═══ Study material ═══
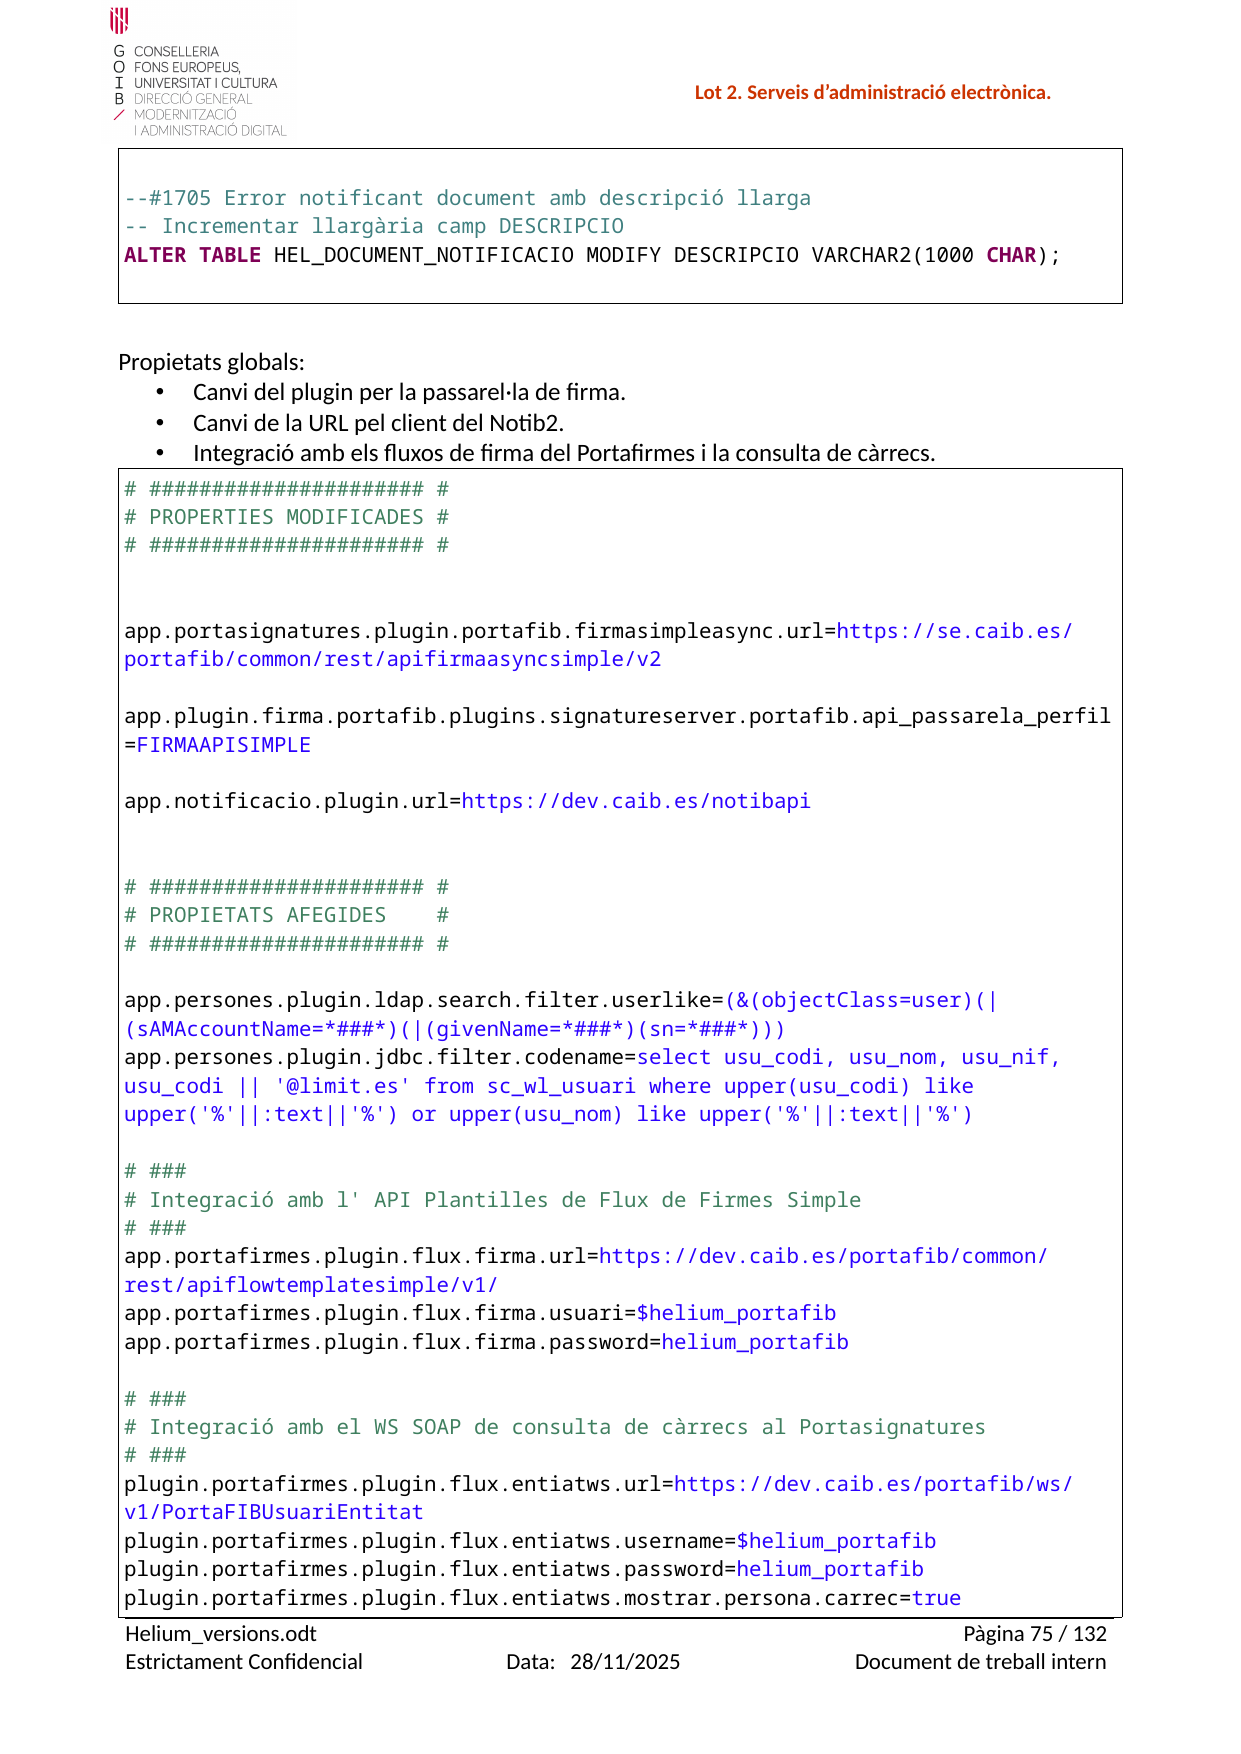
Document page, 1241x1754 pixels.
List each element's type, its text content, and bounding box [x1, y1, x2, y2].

text Propietats globals: [118, 346, 1122, 376]
list Canvi de la URL pel client del Notib2. [156, 407, 1122, 437]
table_header --#1705 Error notificant document amb descripció llarga -- Incrementar llargària camp DESCRIPCIO ALTER TABLE HEL_DOCUMENT_NOTIFICACIO MODIFY DESCRIPCIO VARCHAR2(1000 CHAR); [119, 149, 1122, 302]
list Canvi del plugin per la passarel·la de firma. [156, 376, 1122, 407]
picture [100, 0, 297, 144]
table_header # ###################### # # PROPERTIES MODIFICADES # # ###################### # app.portasignatures.plugin.portafib.firmasimpleasync.url=https://se.caib.es/portafib/common/rest/apifirmaasyncsimple/v2 app.plugin.firma.portafib.plugins.signatureserver.portafib.api_passarela_perfil=FIRMAAPISIMPLE app.notificacio.plugin.url=https://dev.caib.es/notibapi # ###################### # # PROPIETATS AFEGIDES # # ###################### # app.persones.plugin.ldap.search.filter.userlike=(&(objectClass=user)(|(sAMAccountName=*###*)(|(givenName=*###*)(sn=*###*))) app.persones.plugin.jdbc.filter.codename=select usu_codi, usu_nom, usu_nif, usu_codi || '@limit.es' from sc_wl_usuari where upper(usu_codi) like upper('%'||:text||'%') or upper(usu_nom) like upper('%'||:text||'%') # ### # Integració amb l' API Plantilles de Flux de Firmes Simple # ### app.portafirmes.plugin.flux.firma.url=https://dev.caib.es/portafib/common/rest/apiflowtemplatesimple/v1/ app.portafirmes.plugin.flux.firma.usuari=$helium_portafib app.portafirmes.plugin.flux.firma.password=helium_portafib # ### # Integració amb el WS SOAP de consulta de càrrecs al Portasignatures # ### plugin.portafirmes.plugin.flux.entiatws.url=https://dev.caib.es/portafib/ws/v1/PortaFIBUsuariEntitat plugin.portafirmes.plugin.flux.entiatws.username=$helium_portafib plugin.portafirmes.plugin.flux.entiatws.password=helium_portafib plugin.portafirmes.plugin.flux.entiatws.mostrar.persona.carrec=true [119, 469, 1122, 1617]
list Integració amb els fluxos de firma del Portafirmes i la consulta de càrrecs. [156, 437, 1122, 468]
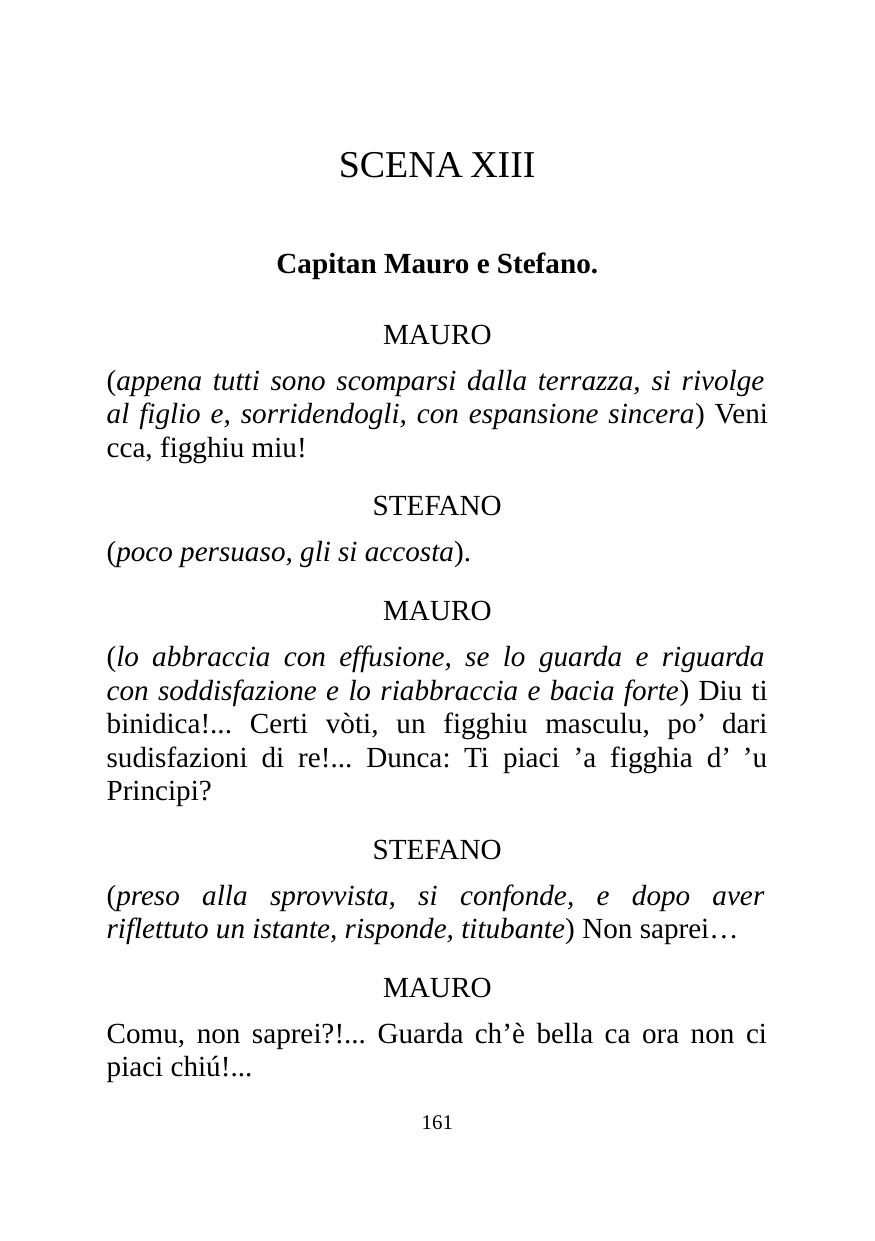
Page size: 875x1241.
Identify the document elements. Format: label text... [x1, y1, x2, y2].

text STEFANO [106, 832, 768, 865]
text Capitan Mauro e Stefano. [106, 246, 768, 279]
text MAURO [106, 593, 768, 627]
text (lo abbraccia con effusione, se lo guarda e riguarda con soddisfazione e lo riabbraccia e bacia forte) Diu ti binidica!... Certi vòti, un figghiu masculu, po’ dari sudisfazioni di re!... Dunca: Ti piaci ’a figghia d’ ’u Principi? [106, 639, 768, 807]
text (preso alla sprovvista, si confonde, e dopo aver riflettuto un istante, risponde, titubante) Non saprei… [106, 878, 768, 945]
text MAURO [106, 970, 768, 1003]
text MAURO [106, 317, 768, 350]
text (poco persuaso, gli si accosta). [106, 534, 768, 568]
text STEFANO [106, 488, 768, 522]
text (appena tutti sono scomparsi dalla terrazza, si rivolge al figlio e, sorridendogli, con espansione sincera) Veni cca, figghiu miu! [106, 363, 768, 463]
text Comu, non saprei?!... Guarda ch’è bella ca ora non ci piaci chiú!... [106, 1016, 768, 1083]
subtitle SCENA XIII [106, 142, 768, 185]
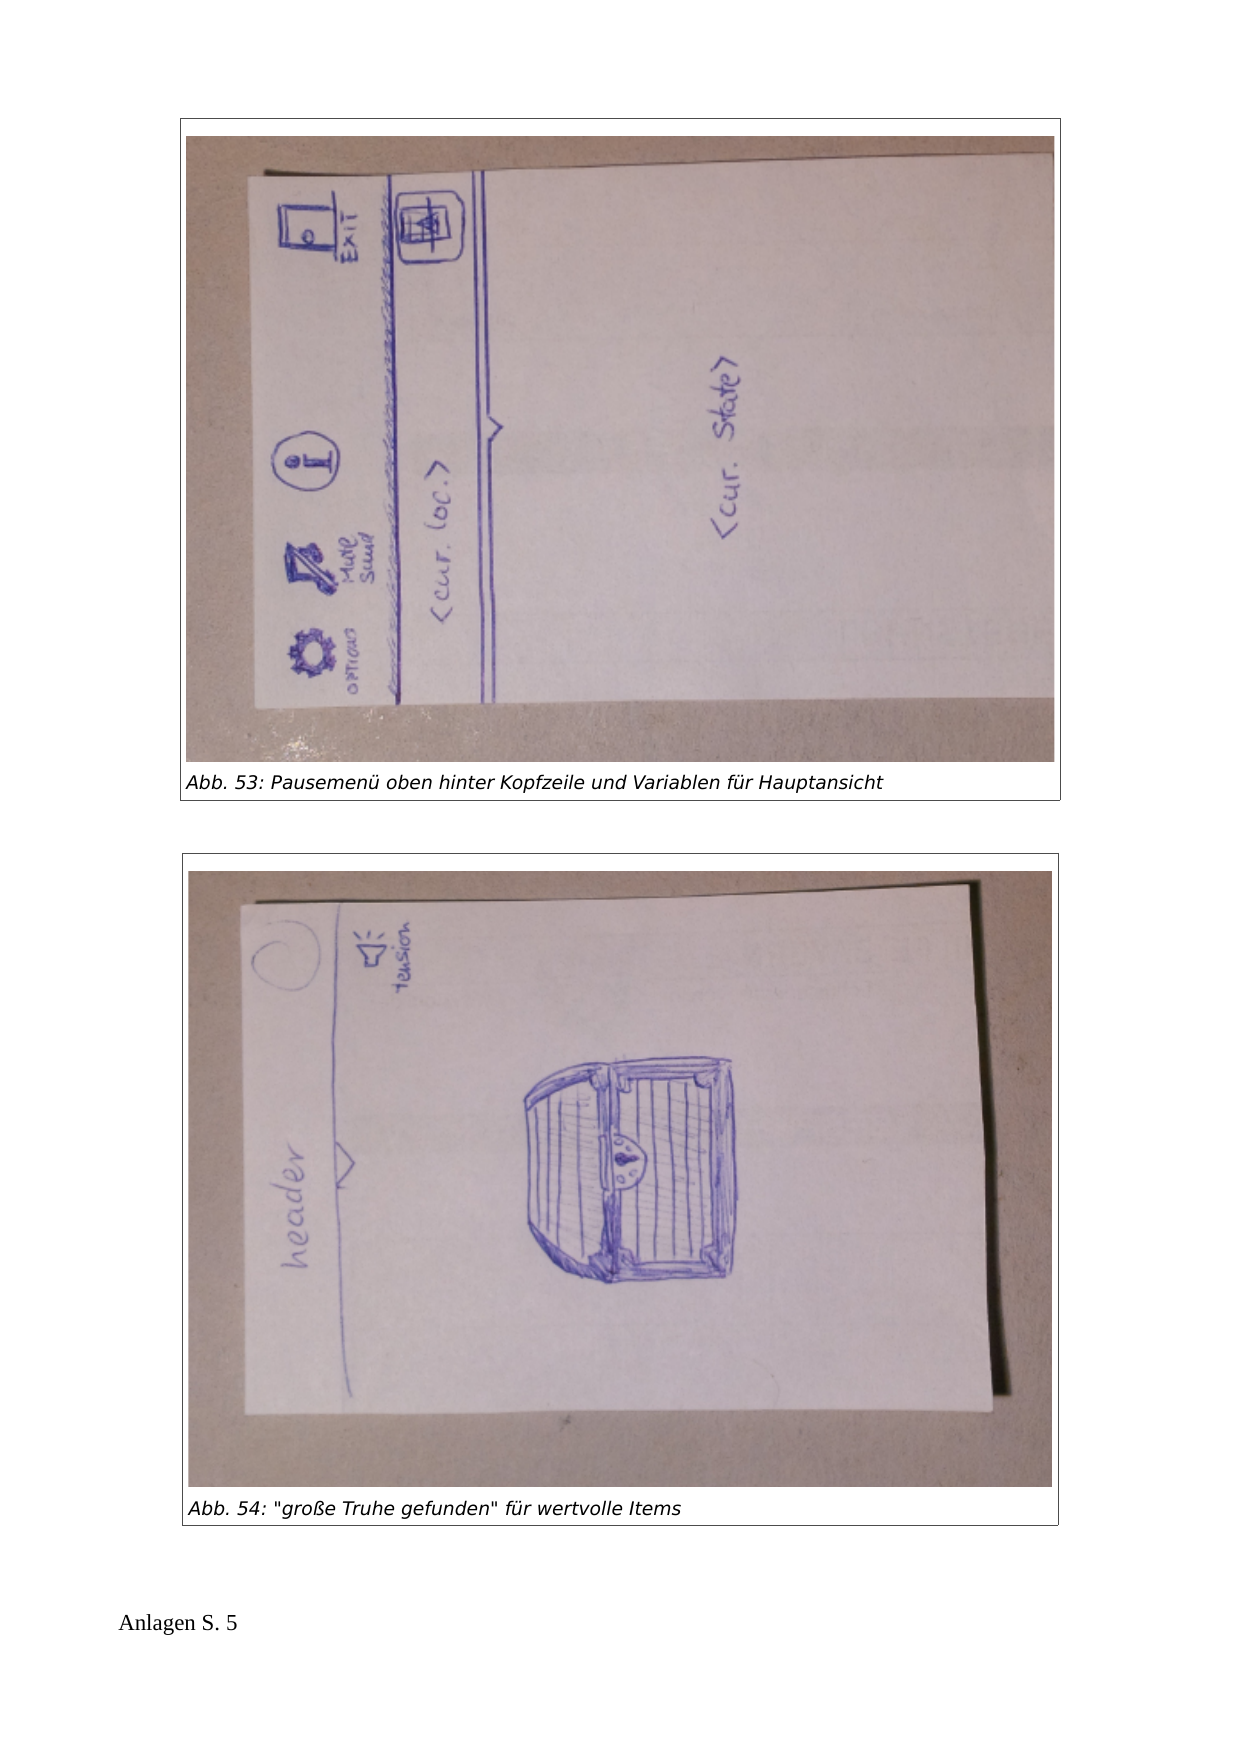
═══
§ Assignment
Nothing but an exact copy is needed, covering the lines from the line with "text MAURO [106, 970, 768, 1003]" through the last line of the entries, pictures excluded.

§ Output below
text MAURO [106, 970, 768, 1003]
text MAURO [106, 317, 768, 350]
text (poco persuaso, gli si accosta). [106, 534, 768, 568]
text STEFANO [106, 488, 768, 522]
text (appena tutti sono scomparsi dalla terrazza, si rivolge al figlio e, sorridendogli, con espansione sincera) Veni cca, figghiu miu! [106, 363, 768, 463]
text Comu, non saprei?!... Guarda ch’è bella ca ora non ci piaci chiú!... [106, 1016, 768, 1083]
subtitle SCENA XIII [106, 142, 768, 185]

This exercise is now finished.